This is my Module 4 project for EAI6010: Applications of Artificial Intelligence.
I used the UCI SECOM dataset to study a semiconductor pass/fail prediction problem with sensor data. The main goal was not just to run one model. I wanted to adapt an off-the-shelf tutorial idea into a cleaner workflow that fit this dataset better.
In this final version, I used a leakage-safe train/validation/test setup, compared multiple models, and evaluated results with metrics that make more sense for an imbalanced pass/fail problem.
- Type: Individual course project
- Course: EAI6010: Applications of Artificial Intelligence
- Module: Module 4 - Using an Off-the-shelf Model
- Focus: Semiconductor quality-monitoring style classification
This project is framed as a semiconductor quality-monitoring problem.
Given sensor measurements from a manufacturing process, can I identify whether a sample is more likely to pass or fail? In practice, a model like this could be more useful as an early screening tool than as a fully automated final decision system.
My goal was to take an existing tutorial idea and rebuild it for a different dataset and a more realistic tabular workflow.
I wanted to:
- use a semiconductor-related dataset
- handle missing values more carefully
- avoid data leakage
- compare strong baselines instead of depending on only one model
- use evaluation metrics that fit an imbalanced classification problem
- think honestly about deployment limits
This project uses the UCI SECOM dataset.
Main files in this repo:
data/secom.data- sensor featuresdata/secom_labels.data- labels and timestamp-related fieldsdata/secom.names- dataset metadata from UCI
Based on the notebook:
- Rows: 1567
- Sensor features: 590
- Target distribution: 1463 pass / 104 fail
More details are in data/README.md.
- Python
- Jupyter Notebook
- pandas
- numpy
- scikit-learn
- matplotlib
- seaborn
- PyTorch
- data loading
- missing-value audit
- timestamp-based exploratory analysis
- train / validation / test split
- training-only missingness filtering
- median imputation
- constant-feature removal
- scaling and PCA
- model comparison
- threshold tuning
- final holdout test evaluation
- Dummy Classifier
- Logistic Regression + PCA
- Random Forest
- class-weighted PyTorch MLP
On the validation split, Random Forest had the strongest balanced accuracy among the compared models, so I selected it for final test evaluation.
- Accuracy: 0.7898
- Balanced accuracy: 0.6663
- Recall: 0.5238
- ROC-AUC: 0.7978
- PR-AUC: 0.2192
The model correctly detected 11 of the 21 fail cases on the test set, but it also produced many false positives.
Because of that, I see this as a stronger analytical prototype or screening model, not something I would deploy directly as a final automated pass/fail decision system.
- Final notebook:
notebooks/EAI6010_Module_4_Assignment_V2_Cheng_L.ipynb - Final assignment report:
reports/EAI6010_Module_4_Assignment_V2_Cheng_L.pdf - Portfolio PDF version:
reports/EAI6010_SECOM_Portfolio_Cheng_Liu.pdf - Walkthrough version:
walkthrough/project-walkthrough.md - Dataset note:
data/README.md - Figure note:
outputs/README.md
- Clone or download this repository.
- Install the required Python packages:
pip install -r requirements.txt
- Open the main notebook:
notebooks/EAI6010_Module_4_Assignment_V2_Cheng_L.ipynb
- Run the notebook cells in order.
This notebook is the main runnable artifact in the repo.
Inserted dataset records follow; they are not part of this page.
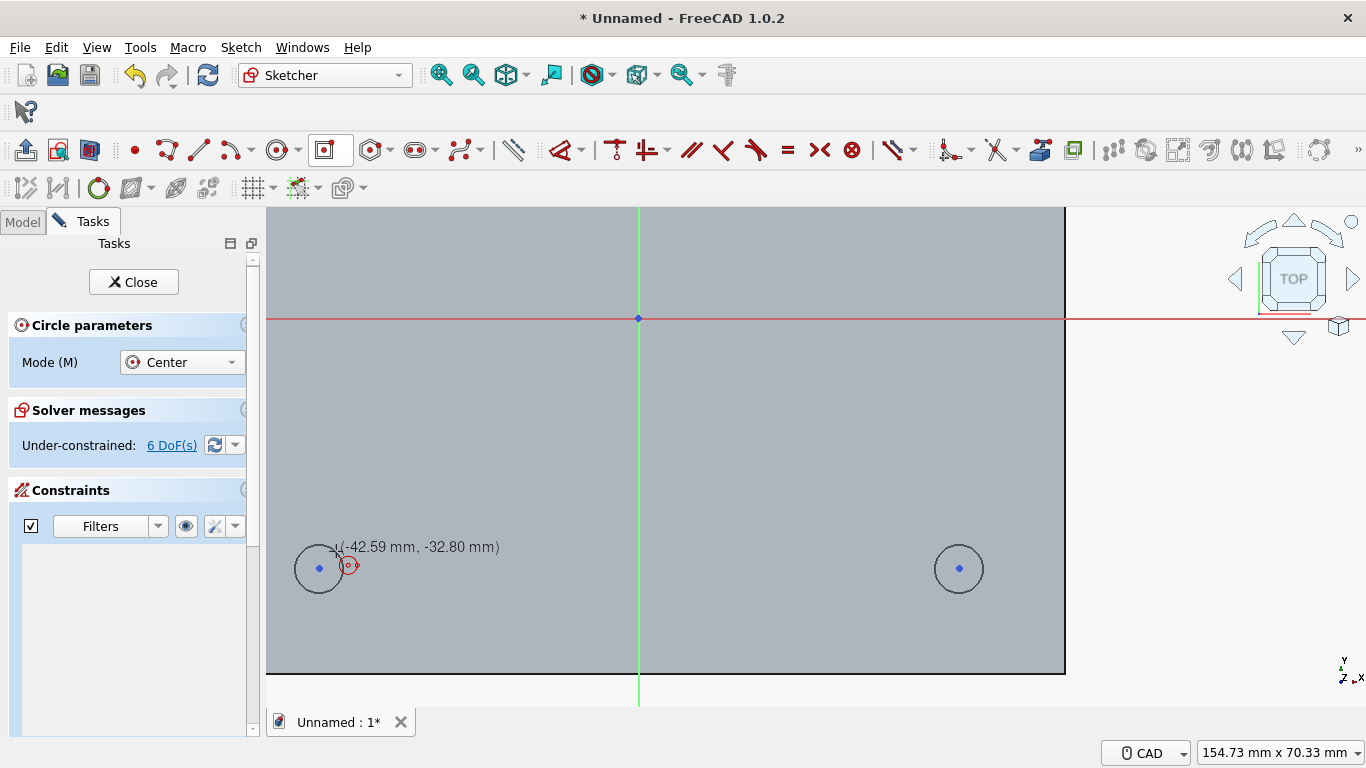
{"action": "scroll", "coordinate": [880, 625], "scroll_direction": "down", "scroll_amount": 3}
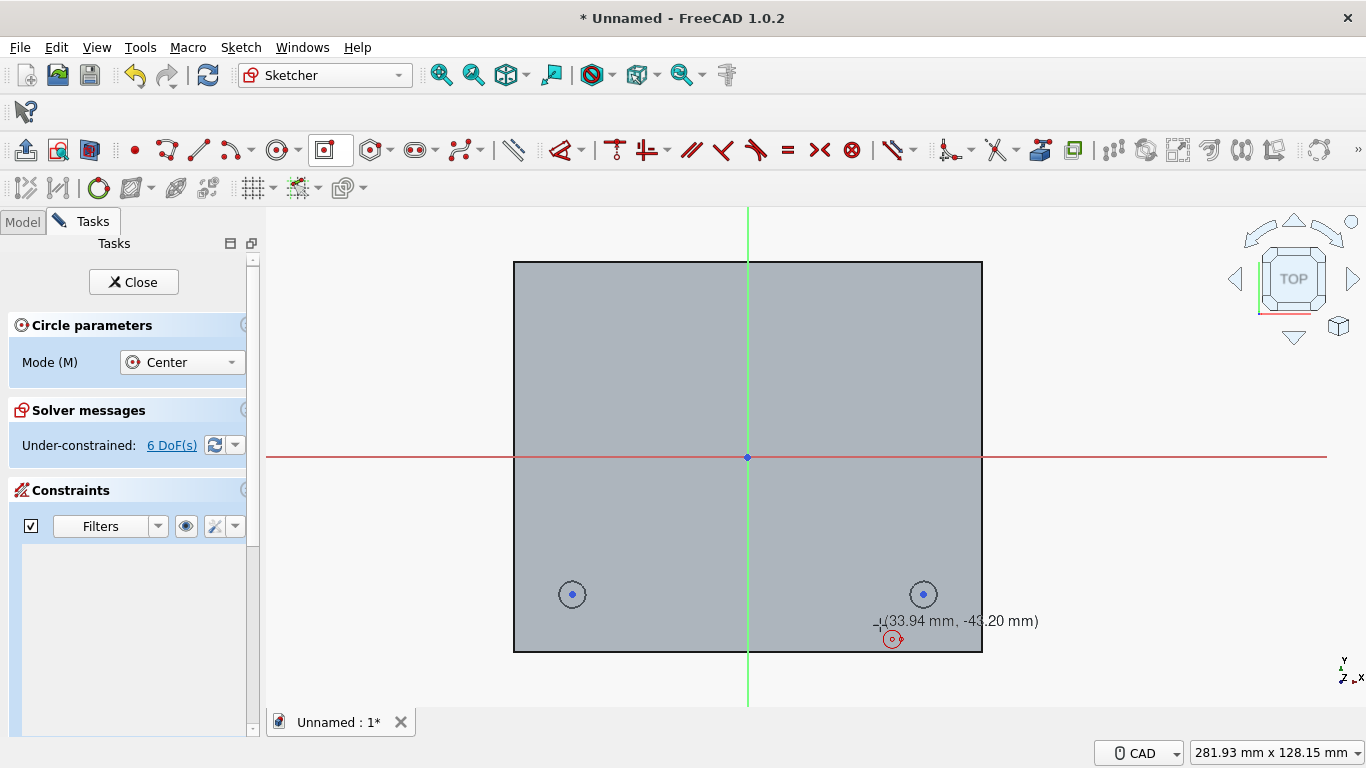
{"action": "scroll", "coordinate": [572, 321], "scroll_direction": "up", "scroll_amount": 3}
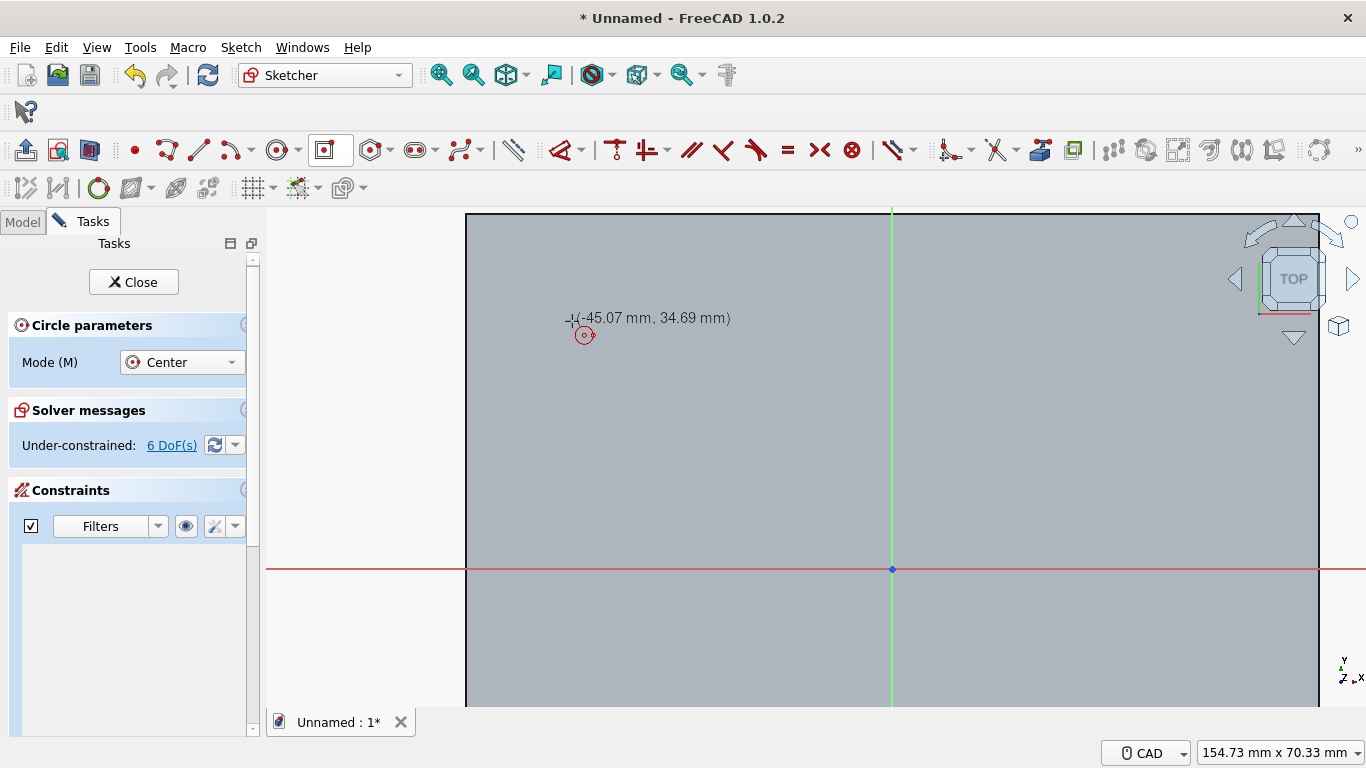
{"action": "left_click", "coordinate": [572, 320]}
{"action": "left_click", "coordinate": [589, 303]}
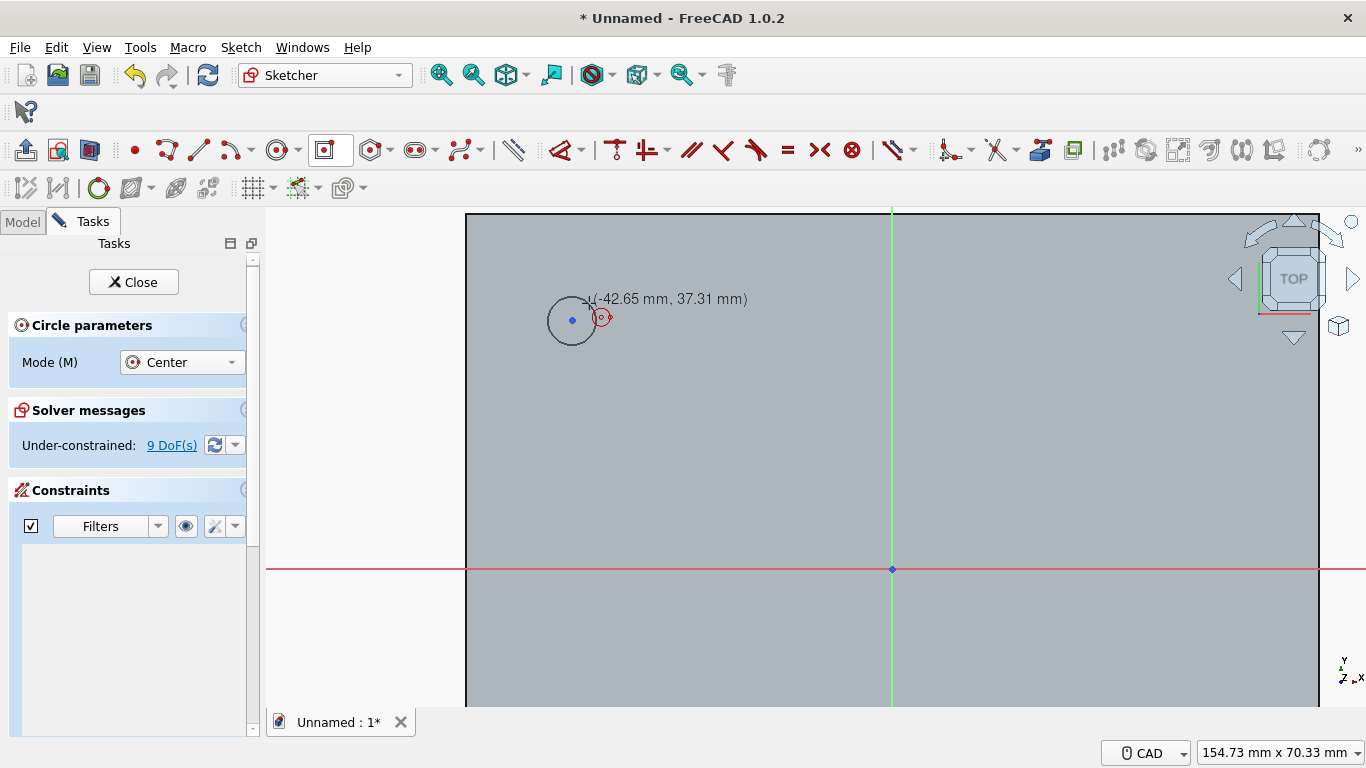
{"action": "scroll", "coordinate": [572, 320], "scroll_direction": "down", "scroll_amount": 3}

It first checks for the SECOM files in data/ or ../data/, then falls back to /content/secom_project and can re-download the UCI files if needed.
This project shows that I can:
- work with messy tabular sensor data
- handle missing values and imbalanced classes more carefully
- build a leakage-safe workflow
- compare simple and nonlinear models
- evaluate results beyond plain accuracy
- explain model limits honestly instead of overselling the result
This is still not a production-ready manufacturing model.
Main limits:
- small minority class
- many missing values
- high-dimensional noisy features
- possible process shift over time
- split-specific model selection
- threshold still needs business or engineering cost discussion
For a more deployment-oriented version, I would still want:
- repeated validation or cross-validation
- time-based validation
- drift monitoring
- threshold setting with domain stakeholders
- more engineering validation for important sensor signals
This is an individual course project.
I selected the dataset, rebuilt the workflow, ran the analysis, compared the models, interpreted the results, and wrote the final report and portfolio version.
- UCI Machine Learning Repository. SECOM Dataset.
- Vinit. Semiconductor/IOT-MachineLearning. Kaggle.
- Howard, J., & Gugger, S. Deep Learning for Coders with Fastai and PyTorch. O'Reilly.